Matar en nombre de Dios

En su viaje a Albania, el papa Francisco ha denunciado, con la claridad y la fuerza moral que le caracterizan, la pretensión fundamentalista de matar al enemigo en el nombre de Dios. No es que los cristianos seamos históricamente inocentes, pero algo aprendemos cuando releemos el evangelio de Jesús con mayor humildad y confianza en Dios. Más de una vez nos ha tocado, con dolor, desandar el camino andado, los viejos pasos perdidos en los mil laberintos del poder y de la violencia.

En el nombre de Dios no se puede hacer daño a nadie. En el nombre de Dios no se puede matar, torturar, desplazar, desaparecer o humillar a ningún hombre y mujer de este planeta. En el nombre de Dios sólo se puede hacer el bien. Así lo dice el evangelio y el sentido común.

¿Qué Dios es ese que no cura las heridas de la violencia que ejercemos contra nosotros mismos y contra nuestros hermanos? El Reino de Dios no se impone a sangre y fuego, sino por medio de un amor compasivo, tierno y fiel, capaz de ensanchar el horizonte de la justicia. Por eso, los predilectos de Jesús fueron siempre los pobres e insignificantes, las personas barridas por las mareas del poder, las víctimas de esta cultura de muerte, llena de codicia, que atenaza al hombre y enfrenta a los pueblos (norte/sur; oriente/occidente). Las sociedades crean sus propios dioses y sus propios demonios (sistemas políticos destructivos, intereses excluyentes y “guerras santas”). Y qué mejor justificación que un dios despiadado y suficientemente cruel como para amparar nuestros crímenes…

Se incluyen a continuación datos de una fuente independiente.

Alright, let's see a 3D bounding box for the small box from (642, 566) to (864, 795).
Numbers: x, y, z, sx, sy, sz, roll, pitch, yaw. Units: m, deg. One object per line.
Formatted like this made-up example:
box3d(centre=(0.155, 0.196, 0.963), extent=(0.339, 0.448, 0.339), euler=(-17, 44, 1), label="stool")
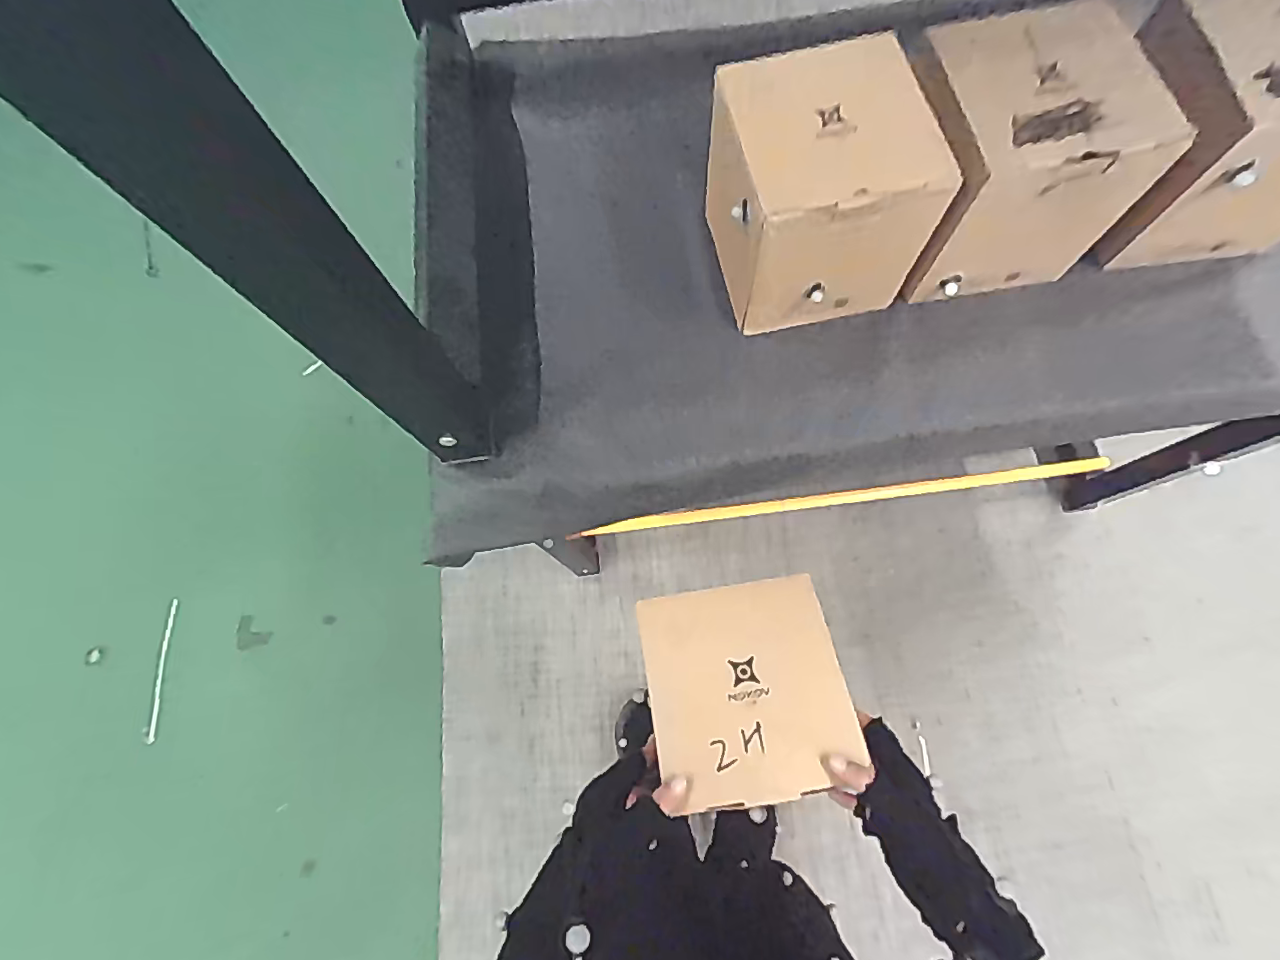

En medio de la barbarie, yo pienso que Dios es sólo un pretexto… Cualquier violencia fundamentalista contradice el amor de un Dios que ama al mundo hasta entregar al Hijo y que ama a todos apasionadamente. No hay catedral, ni mezquita, ni sinagoga que pueda encerrar a Dios.

Desde estas latitudes (¡tan lejos y tan cerca!), fácilmente podemos caer en la tentación de pensar que el tema no nos afecta ni la sangre nos salpica. Nada más equivocado. Las palabras de Francisco son muy lúcidas: asistimos a una Tercera Guerra Mundial fragmentada en diferentes escenarios de muerte y violencia. Todos estamos amenazados. Por eso, no podemos quedar indiferentes ante la lógica del poder humano, siempre tentado de sacralizarse.

En estos días se han oído voces que identifican religión con violencia, sembrando la duda de si este mundo podrá ser humano mientras viva bajo la tutela religiosa. La religión, como cualquier otra realidad, puede ser manipulada, al menos mientras la codicia sea más fuerte que el deseo de la paz. La crueldad no tiene sitio en el proyecto de Jesús. Así, lo que nos justifica no es el poder, sino el hecho de dar un vaso de agua al sediento por amor.

Insisto. Quien es de Dios sólo hace el bien, busca la justicia y ama la paz.